Books on homesteading have chugged along for years, finding readers in small towns, rural communities, and big cities who want to learn how to become self-reliant. But it’s the “little farm in the big city” trend that publishers are cashing in on this season. Come spring, a range of books about living sustainably in an urban environment will flood the shelves, some even despite potential controversy.

It seems life on the urban farm isn’t always as sweet as a bowl of just-picked cherries. Last October, Jules Dervaes of Pasadena--whose family turned its one-fifth-acre lot into a self-sufficient, sustainable farm and whose website , www.UrbanHomestead.org, gets “several million hits per month” according to a press release the family issued--trademarked the phrases Urban Homestead and Urban Homesteading. As of February 18, the family, which operates the non-profit Dervaes Institute, had contacted 16 organizations, publishers, and other businesses about usage of the registered terms. It sent cease-and-desist letters to radio shows, to a public library that was holding a free event on the subject of living sustainably in a city, and to Kelly Coyne and Erik Knutzen, the authors of The Urban Homestead, published by Process in 2008. Corynne McSherry, Intellectual Property Director of the Electronic Frontier Foundation, is now representing the authors and publisher.

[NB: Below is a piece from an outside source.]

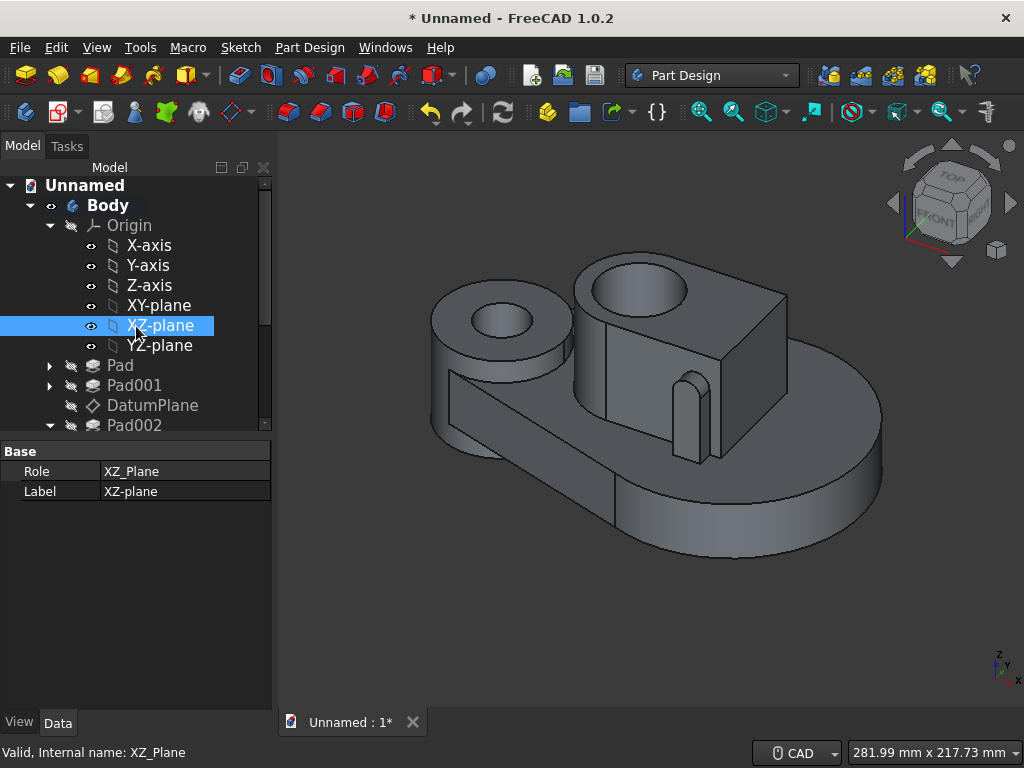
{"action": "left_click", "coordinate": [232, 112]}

Dervaes has also been in touch with the author of a book that Skyhorse will publish in April. In its promotional copy for Urban Homesteading: Heirloom Skills for Sustainable Living, Skyhorse calls author Rachel Kaplan “an urban homesteader, artist, psychotherapist, and mother” who grows much of her family’s food in small plots in Sonoma County. A rep from the publisher said that despite Dervaes’s letter, though, it is still moving forward as planned with the title. Publisher Tony Lyons told PW, “All trademarks are not created equal. Urban Homesteading is clearly a generic, ‘merely descriptive’ phrase that has been used in the United States for decades. It is not a unique or especially creative combination of words. As a result, any trademark protection granted for the phrase Urban Homestead or Urban Homesteading would be very weak.” Dervaes did not respond to PW’s request for comment.

In June, Penguin will add The Complete Idiot's Guide to Urban Homesteading to its successful guidebook series. The book's author is Sundari Elizabeth Kraft, an "expert in urban homsteading."

Other forthcoming books on the subject play it safer—knowingly or not—with their titles. Amy Pennington, whose Urban Pantry was a breakout hit for Skipstone Press last year, has written Apartment Gardening: Plants, Projects, and Recipes for Growing Food in Your Urban Home. Sasquatch will publish the book in April. Apartment Gardening will contend with Your Farm in the City: An Urban-Dweller's Guide to Growing Food and Raising Animals by Lisa Taylor, just out from Black Dog & Leventhal; City Farmer: Adventures in Urban Food Growing by Lorraine Johnson, which Greystone published in February; Modern Homestead: Grow, Raise, Create by Renee Wilkinson (Fulcrum, Apr.); and The Edible Front Yard by Ivette Soler (Timber, Feb.). There’s even a new book on urban food-growing for kids: Watch Me Grow!: A Down-to-Earth Look at Growing Food in the City by Deborah Hodge (Kids Can Press).

Like anyone who is granted a trademark on a phrase, Dervaes must defend the terms Urban Homestead and Urban Homesteading vigorously—if he doesn’t, the law views him as giving up his rights to the phrases. Often, an author will grant a license to use a term for free. It remains to be seen whether or not Dervaes will take that route.